ASSIGNMENT
Only the lines from the beginning of the entries through the one that holds "[0:12.2-0:24.2]" may appear in the answer, written out exactly and free of pictures.

[Stored items]
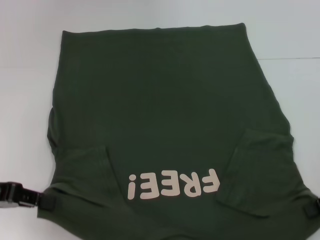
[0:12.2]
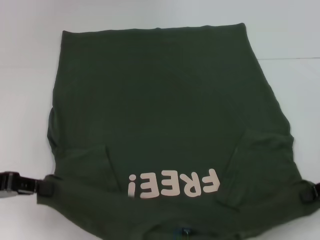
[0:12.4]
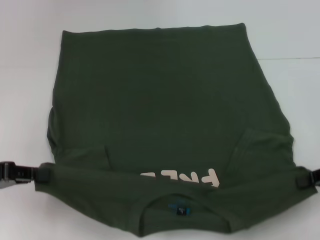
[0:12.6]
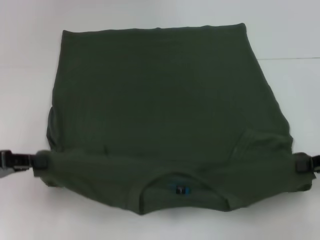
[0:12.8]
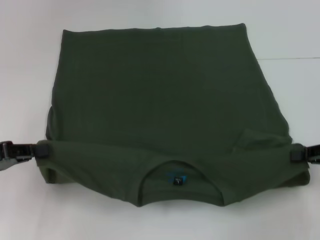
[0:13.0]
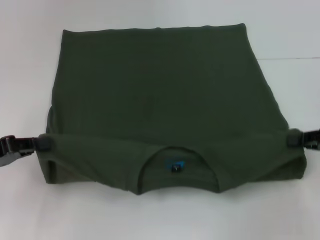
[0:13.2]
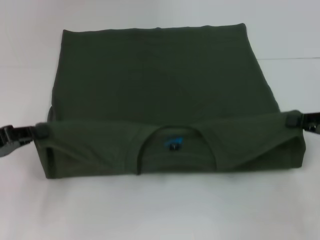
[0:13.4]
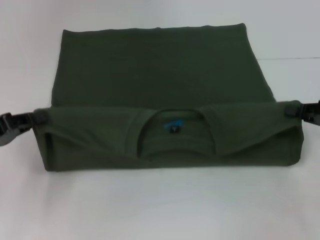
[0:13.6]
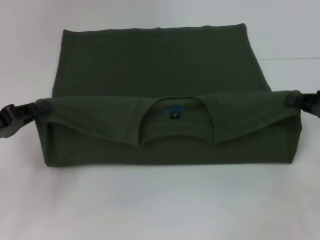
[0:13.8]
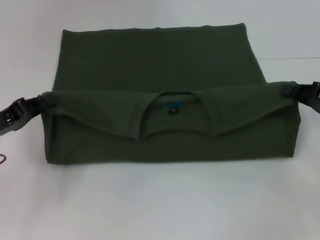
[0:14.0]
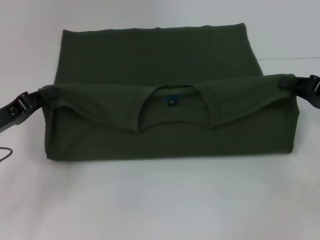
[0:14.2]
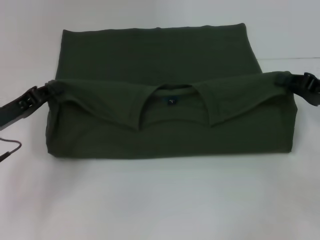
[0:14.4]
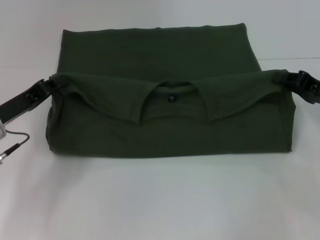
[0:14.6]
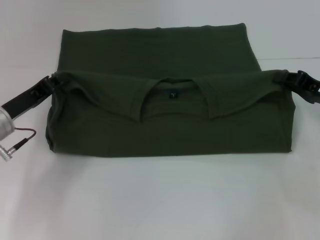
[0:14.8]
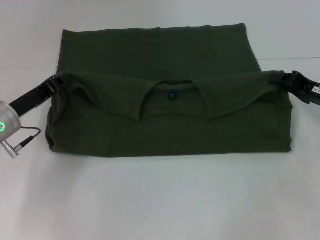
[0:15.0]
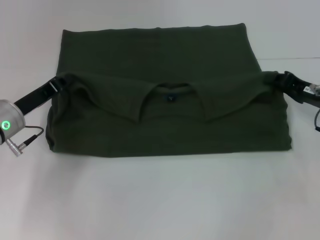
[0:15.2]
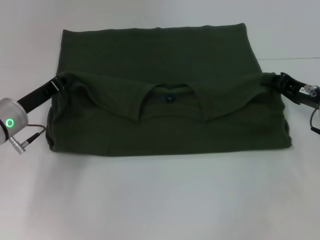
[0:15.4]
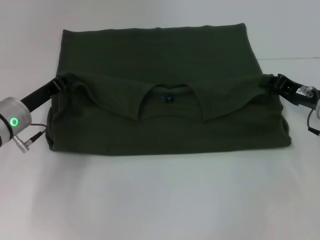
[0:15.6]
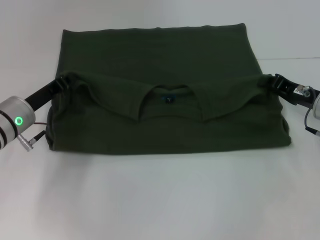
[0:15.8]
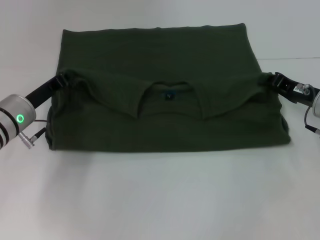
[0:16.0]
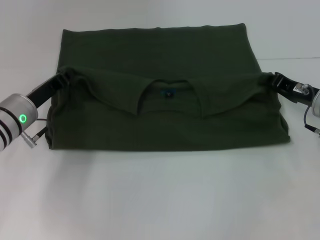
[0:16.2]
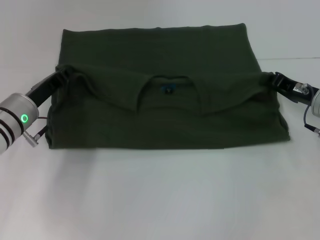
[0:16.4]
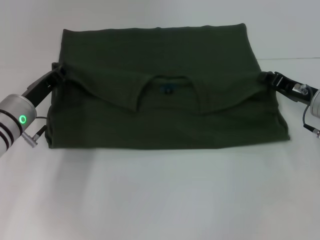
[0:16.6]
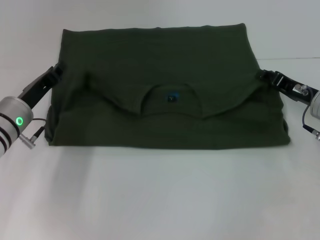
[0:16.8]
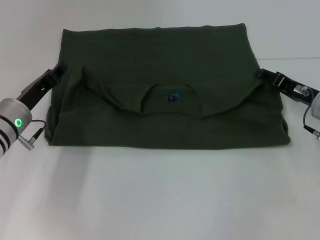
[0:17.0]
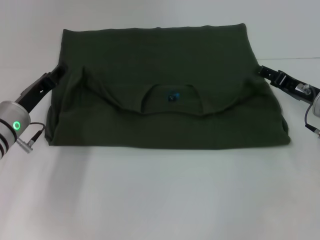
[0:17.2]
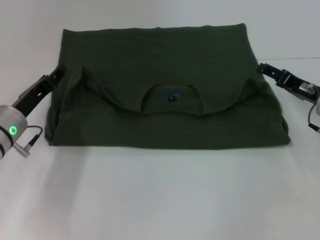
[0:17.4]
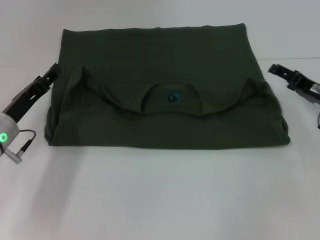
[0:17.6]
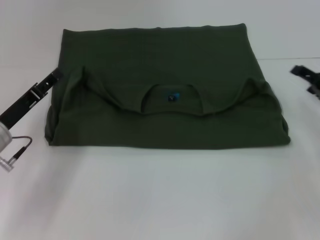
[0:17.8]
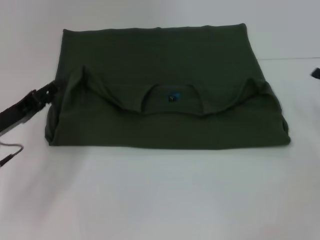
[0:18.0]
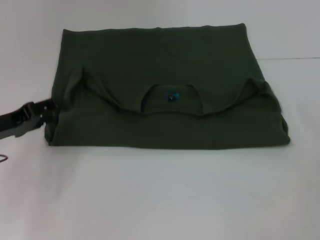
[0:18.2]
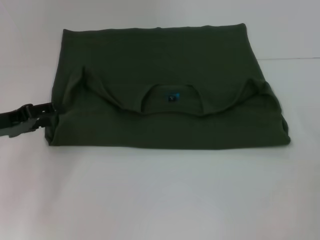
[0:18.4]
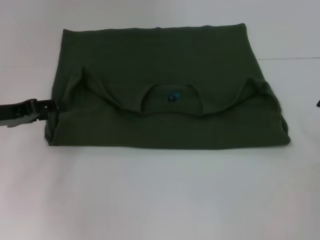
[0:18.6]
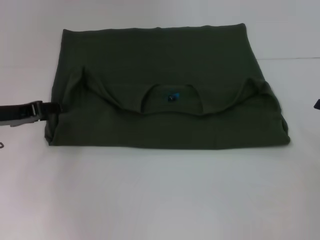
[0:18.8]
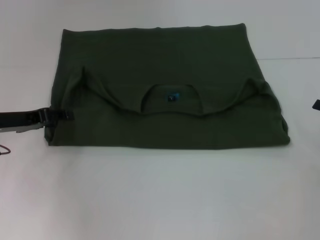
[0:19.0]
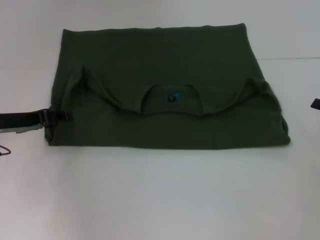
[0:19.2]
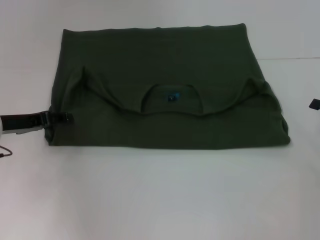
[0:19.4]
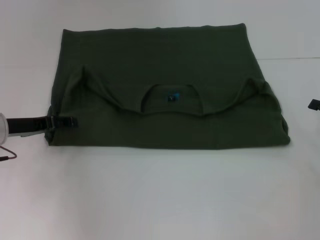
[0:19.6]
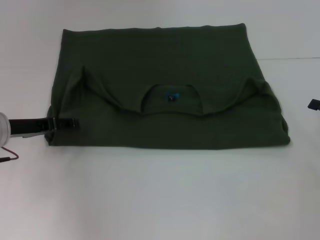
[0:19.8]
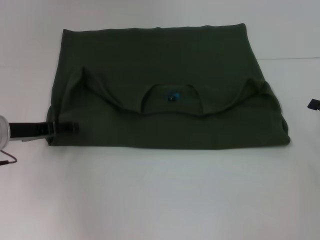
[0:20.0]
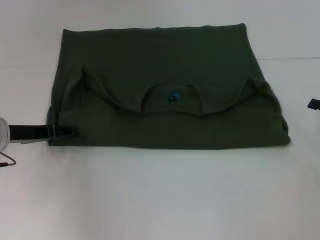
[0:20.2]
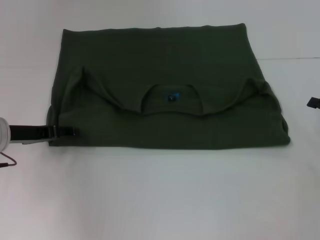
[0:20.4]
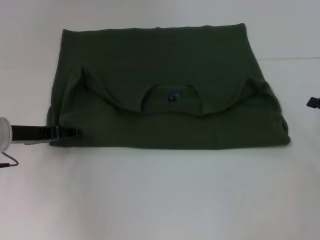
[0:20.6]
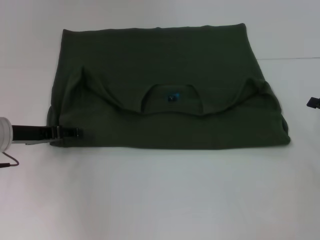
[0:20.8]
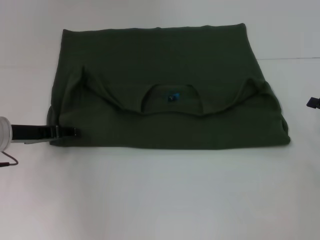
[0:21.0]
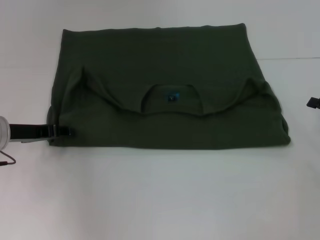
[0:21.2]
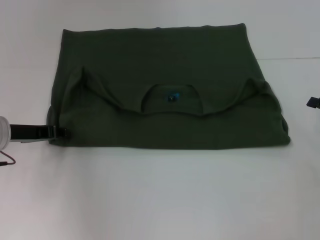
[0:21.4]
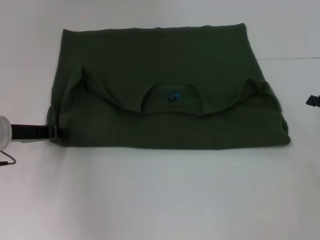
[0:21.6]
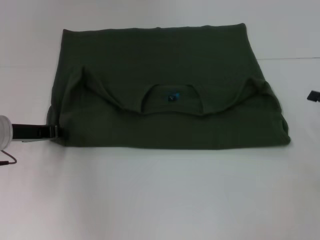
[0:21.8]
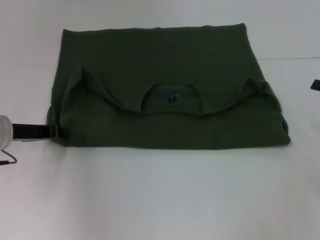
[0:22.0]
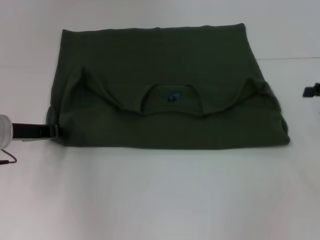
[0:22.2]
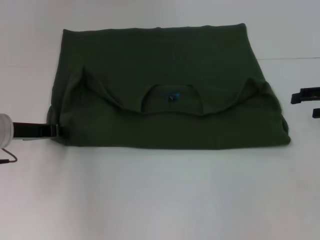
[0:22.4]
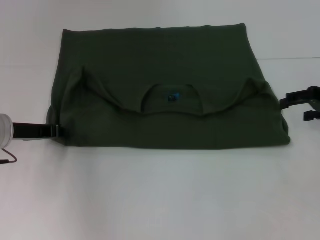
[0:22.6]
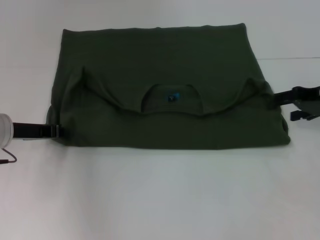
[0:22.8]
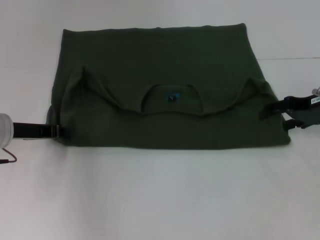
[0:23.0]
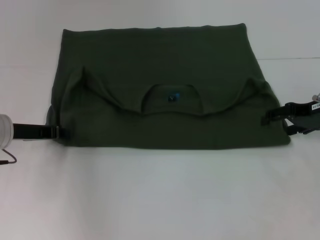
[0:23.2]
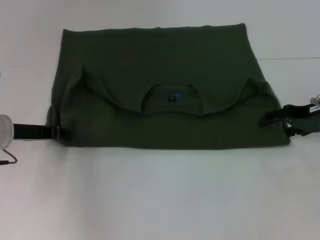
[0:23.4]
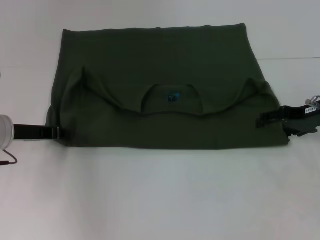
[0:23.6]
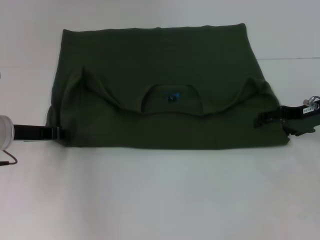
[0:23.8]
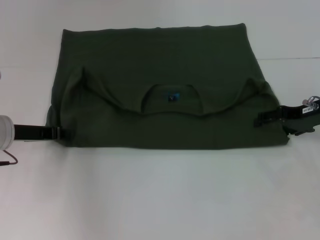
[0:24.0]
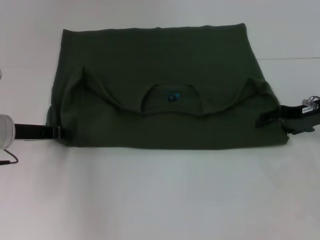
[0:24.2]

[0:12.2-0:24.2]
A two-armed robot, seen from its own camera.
Step, 0:12.2 to 0:17.2: Fold the clothes with your left hand.
Step, 0:12.2 to 0:17.2: Fold the clothes with your right hand.
0:13.8 to 0:15.2: The right gripper goes about 5 cm to the left, while the left gripper goes approximately 10 cm to the right and forward.
0:15.2 to 0:16.6: The grippers stay close to where they were, moving slightly.
0:16.6 to 0:18.2: The right gripper heads to the right and backward, covering about 15 cm, and opens its fingers. The left gripper moves to the left and backward, some 10 cm, and opens up.
0:19.8 to 0:21.2: The grippers make only small movements.
0:21.2 to 0:22.6: The right gripper heads upward and forward, covering approximately 10 cm. The left gripper closes its fingers.
0:22.6 to 0:24.2: The right gripper shifts by about 5 cm.

EXERCISE RESULT
[0:12.2]
[0:12.4]
[0:12.6]
[0:12.8]
[0:13.0]
[0:13.2]
[0:13.4]
[0:13.6]
[0:13.8]
[0:14.0]
[0:14.2]
[0:14.4]
[0:14.6]
[0:14.8]
[0:15.0]
[0:15.2]
[0:15.4]
[0:15.6]
[0:15.8]
[0:16.0]
[0:16.2]
[0:16.4]
[0:16.6]
[0:16.8]
[0:17.0]
[0:17.2]
[0:17.4]
[0:17.6]
[0:17.8]
[0:18.0]
[0:18.2]
[0:18.4]
[0:18.6]
[0:18.8]
[0:19.0]
[0:19.2]
[0:19.4]
[0:19.6]
[0:19.8]
[0:20.0]
[0:20.2]
[0:20.4]
[0:20.6]
[0:20.8]
[0:21.0]
[0:21.2]
[0:21.4]
[0:21.6]
[0:21.8]
[0:22.0]
[0:22.2]
[0:22.4]
[0:22.6]
[0:22.8]
[0:23.0]
[0:23.2]
[0:23.4]
[0:23.6]
[0:23.8]
[0:24.0]
[0:24.2]

[0:12.2-0:24.2]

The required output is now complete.